Why Lower Back Safety Matters Here

Heavy deadlift variations can produce compressive spinal loads between 5 and 18 kilonewtons, with shearing forces between 1.3 and 3.2 kilonewtons. Those are significant numbers, and the stiff leg version places more of that demand on the lower back compared to variations with greater knee bend.

Fatigue makes this worse. Research on repetitive lifting shows that as a set drags on, your spine gradually rounds without you noticing. In one study, lumbosacral flexion increased from about 72% of maximum range to over 98% by the final minute of a lifting-to-failure protocol. In practical terms, your lower back creeps closer and closer to its structural limit as you fatigue. This is why controlling your rep count and avoiding true failure on stiff leg deadlifts is more important than on many other exercises.

The biggest red flag during the movement is the bar tracing an “S” shape rather than a straight vertical path. That S-pattern means there’s slack in the system, meaning you’ve lost tension somewhere and your joints are absorbing force they shouldn’t be. Keep the bar close, brace your core before each rep, and stop the set when your back starts to round.

Common Form Mistakes

The most frequent error is turning this into a squat. If your hips drop low and your knees push forward, your quads take over and you lose the hamstring emphasis that makes this exercise worth doing. Your shins should stay close to vertical throughout.

The opposite mistake is letting your hips shoot up too fast on the way up. When that happens, your legs straighten before your torso rises, dumping the entire load onto your lower back. The fix is to think about your hips and shoulders rising at the same rate.

Letting the bar drift away from your body is the third major issue. Even a small gap between the bar and your legs creates a longer lever arm that multiplies the force on your spine. The bar should practically graze your shins and thighs on every rep.

Barbell vs. Dumbbell Variations

A barbell lets you load the movement heavier, which makes it the better choice for building maximum strength and driving muscle growth over time. The fixed bar path also simplifies the movement pattern.

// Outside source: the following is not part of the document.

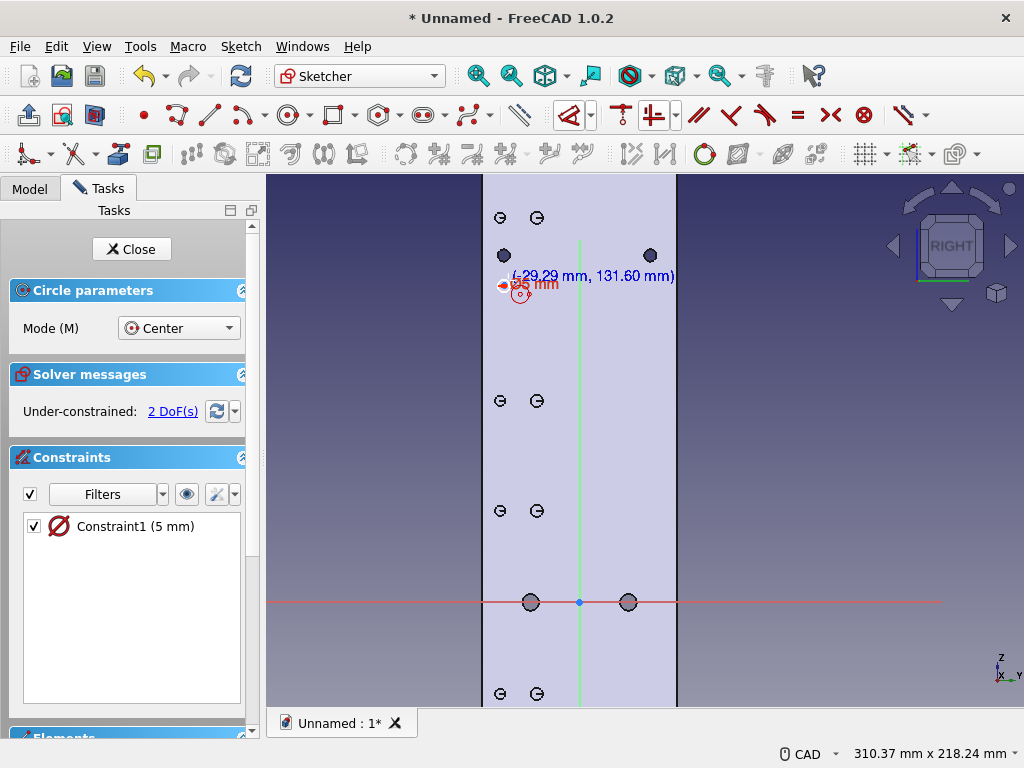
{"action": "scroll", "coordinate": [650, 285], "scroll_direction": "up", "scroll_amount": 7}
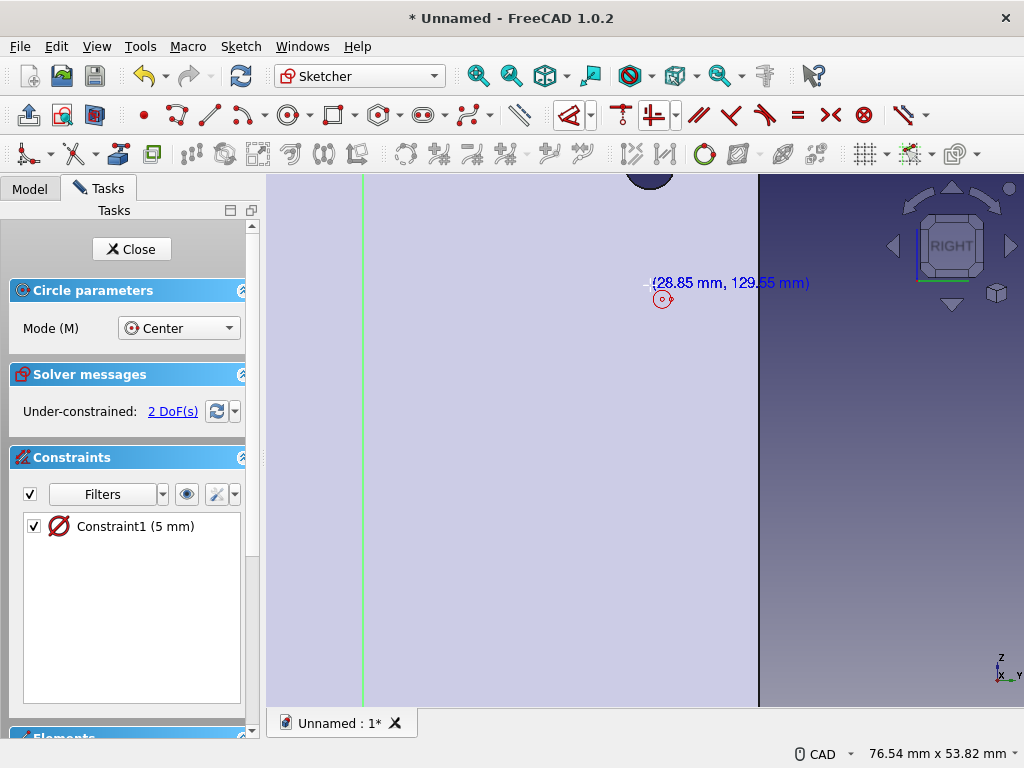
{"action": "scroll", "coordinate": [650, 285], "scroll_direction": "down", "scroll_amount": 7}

Dumbbells offer a greater range of motion since there’s no bar hitting your shins at the bottom. They also force each side of your body to work independently, which helps identify and correct strength imbalances between your left and right sides. The tradeoff is that your grip will give out before your hamstrings do once the dumbbells get heavy enough, and most gyms don’t stock dumbbells heavy enough for advanced lifters to get a real training stimulus.

For most people, starting with dumbbells to learn the hip-hinge pattern and then progressing to a barbell for heavier loading is a practical approach.

Sets, Reps, and Programming

For muscle growth, 3 to 4 sets of 7 to 12 reps is the range most lifters respond well to. Aim for around 25 to 35 total reps per session. Because the stiff leg deadlift is taxing on the lower back and central nervous system, it accumulates more fatigue per set than many other exercises. Keeping reps at 12 or below helps you maintain form through the end of each set, which matters more here than on less technically demanding movements.

If your goal is pure strength, sets of 3 to 5 reps with heavier loads work, though most lifters will get better results from the moderate rep range unless they’ve already built a strong base. Leave at least one rep in reserve on every set. Going to true failure on a movement that loads the spine this heavily isn’t worth the risk, especially as fatigue increases lumbar flexion in ways you can’t always feel in the moment.

Placing the stiff leg deadlift early in your workout, when you’re fresh, gives you the best chance of maintaining clean technique through all your sets. Pairing it later in a session with other heavy posterior chain work is a recipe for the kind of fatigue-driven form breakdown that leads to back tweaks.